Pelaksanaan PBJ melalui penyedia adalah cara memperoleh barang/jasa yang
disediakan oleh pelaku usaha, metode pemilihannya antara lain :
· E-purchasing, yaitu tata
cara pembelian barang/jasa melalui sistem katalog eletronik, bentuk kontraknya
berupa surat pesanan. Pengadaan langsung tidak ada batasan nominal pengadaan.

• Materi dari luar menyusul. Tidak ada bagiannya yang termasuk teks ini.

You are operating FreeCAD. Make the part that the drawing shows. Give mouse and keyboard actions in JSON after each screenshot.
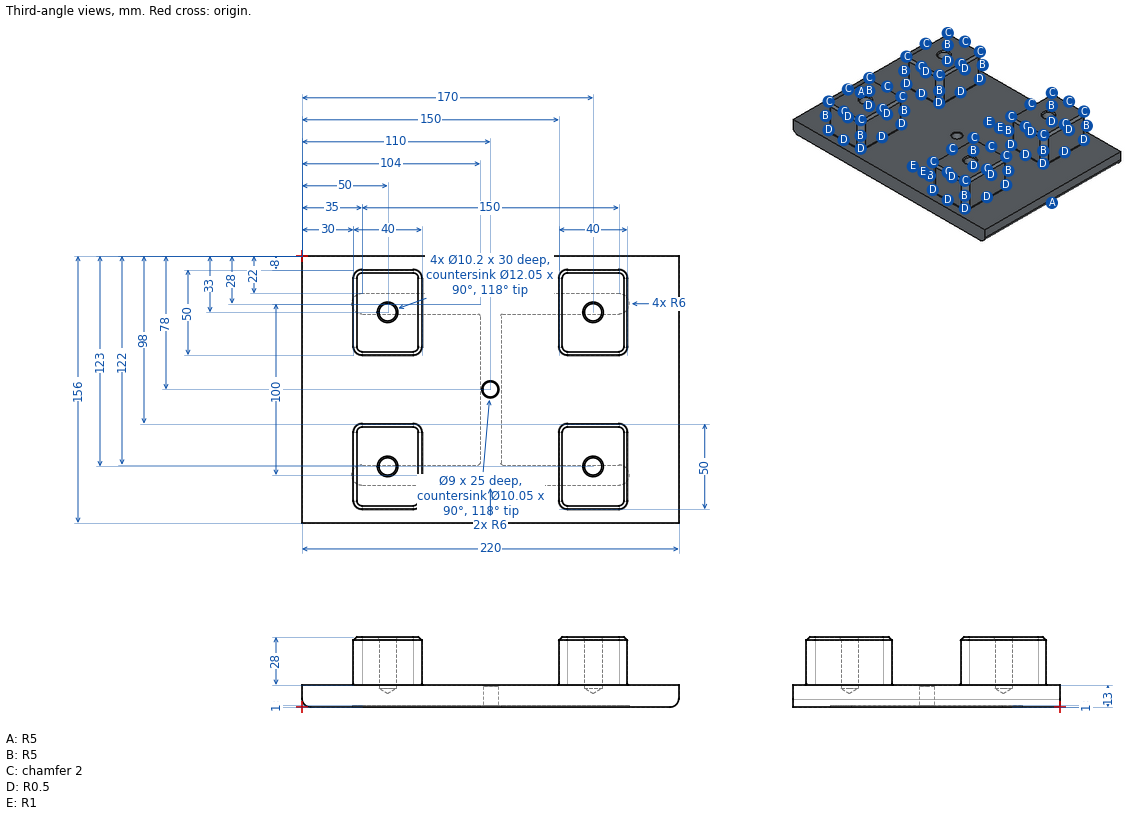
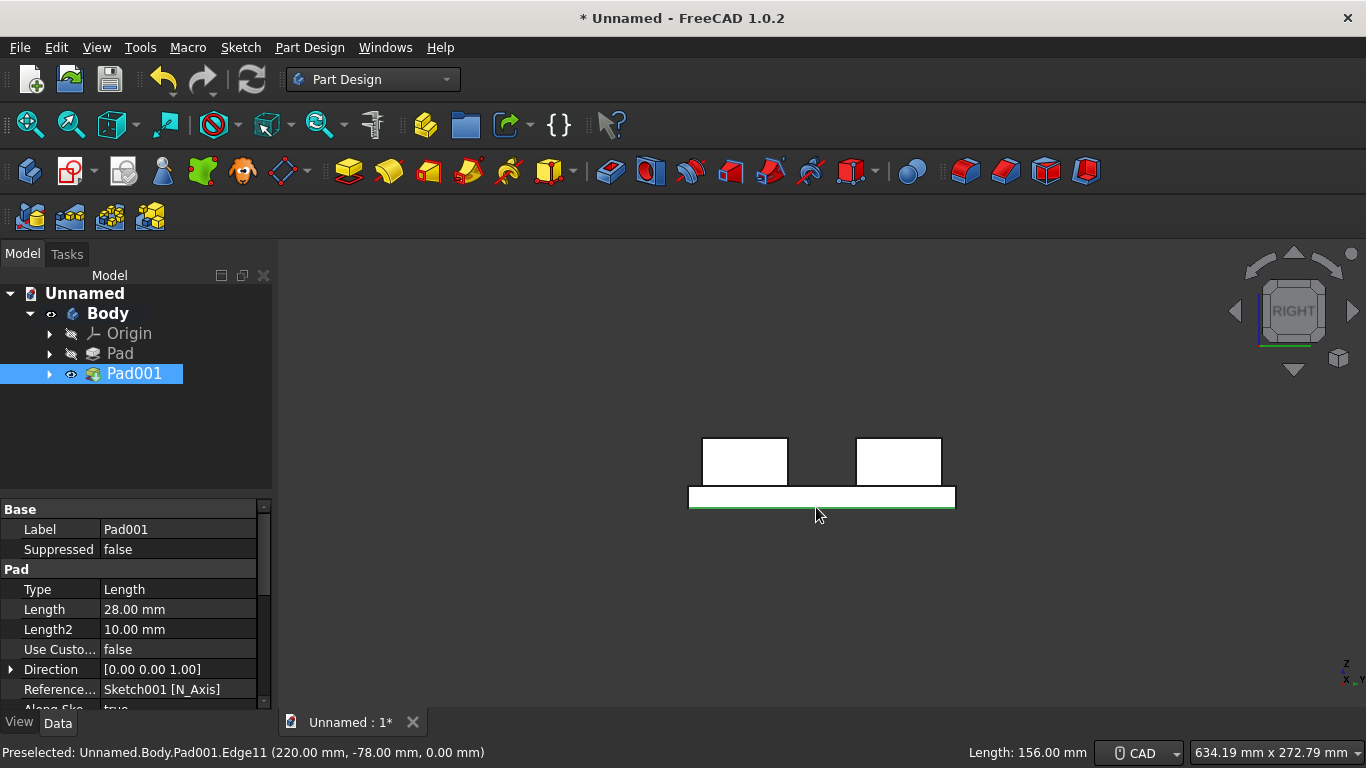
{"action": "key", "text": "5"}

Untuk pengadaan paling banyak 200jt dilaksanakan oleh PP, paling sedikit diatas
200jt oleh PPK, paling sedikit diatas 100 milyar oleh PPK dengan penetapan
penyedia oleh PA
· Pengadaan Langsung (PL),
yaitu pengadaan yang dilaksanakan oleh PP untuk B/PK/JL paling banyak 200t dan
JK paling banyak 100jt. Bentuk kontrak berupa bukti pembelian/pembayaran (untuk
B/JL dengan nominal paling banyak 10jt), kuitansi (untuk B/JL dengan nominal
paling banyak 50jt), dan Surat Perintah Kerja/ SPK (untuk B/PK/JL paling
sedikit diatas 50jt sampai dengan 200jt dan JK paling banyak 100jt)
· Penunjukan Langsung
(Juksung), yaitu dengan cara mengundang 1 pelaku usaha yang dipilih dengan
disertai negosiasi teknis maupun harga. Juksung tidak ada batasan nominal
pengadaan. Untuk pengadaan paling banyak 200jt dilaksanakan oleh PP, paling
sedikit diatas 200jt oleh PPK, paling sedikit diatas 100 milyar oleh PPK dengan
penetapan penyedia oleh PA. Bentuk kontrak berupa bukti pembelian/pembayaran
(untuk B/JL dengan nominal paling banyak 10jt), kuitansi (untuk B/JL dengan
nominal paling banyak 50jt), Surat Perintah Kerja/ SPK (untuk B/PK/JL paling
sedikit diatas 50jt sampai dengan 200jt dan JK paling banyak 100jt) dan Surat
Perjanjian/ kontrak untuk B/PK/JL diatas 200jt dan JK diatas 100jt). Ketentuan
mengenai Juksung sebagai berikut :
- B/PK/JL : Kegiatan
mendadak (komitmen internasional), bersifat rahasia (kepentingan Negara), benih
dan pupuk, sarana dan prasarana untuk masyarakat yang tidak mampu, hak paten,
tender ulang gagal
- JK : 1 pelaku usaha yang
mampu, pemegang hak cipta, konsultan hukum yang segera dan tidak bisa ditunda,
repeat order (maksimal 2x)
· Tender Cepat, untuk pengadaan
Barang dengan syarat spesifikasi telah ditentukan dengan rinci dan pelaku usaha
telah terkualifikasi dalam SIKaP (Sistem Informasi Kinerja Penyedia). Bentuk
kontrak berupa surat perjanjian/ kontrak.
· Tender, untuk B/PK/JL
jika tidak dapat menggunakan metode lainnya. Untuk kondisi pengadaan B/PK/JL
dengan nominal diatas 200jt.
· Seleksi, untuk JK jika
tidak dapat menggunakan metode lainnya. Untuk kondisi JK dengan nominal diatas
100jt.
Pengawasan dan Pertanggungjawaban
Penyerahan hasil pekerjaan dapat dilakukan setelah seluruh pekerjaan dalam
kontrak telah selesai 100%. Pada PBJ melalui swakelola, Tim Pelaksana
menyerahkan hasil pekerjaan swakelola kepada PPK dengan Berita Acara Serah
Terima (BAST). Sedangkan pada PBJ melalui penyedia, saat pekerjaan telah
selesai 100% Penyedia mengajukan permintaan tertulis kepada PPK untuk serah
terima barang/jasa. PPK kemudian melakukan pemeriksaan terhadap barang/jasa
yang diserahterimakan (dalam hal ini PPK dapat menunjuk Tenaga Ahli), kemudian
PPK dan Penyedia menandatangani BAST.
Setelah hasil pekerjaan diterima oleh PPK, selanjutnya PPK menyerahkan
hasil pekerjaan ke PA/KPA. PA/KPA selanjutnya meminta PPHP/PjPHP untuk
melakukan pemeriksaan administratif terhadap barang/jasa.
Dokumen yang harus diperiksa meliputi: dokumen program/ penganggaran, surat
penetapan PPK, dokumen perencanaan pengadaan, RUP/SIRUP, dokumen persiapan
pengadaan, dokumen pemilihan Penyedia, dokumen kontrak beserta perubahannya
serta pengendaliannya, serta dokumen BAST. Hasil pemeriksaan dituang dalam
Berita Acara dan ditandatangani oleh PA/KPA dan PPK.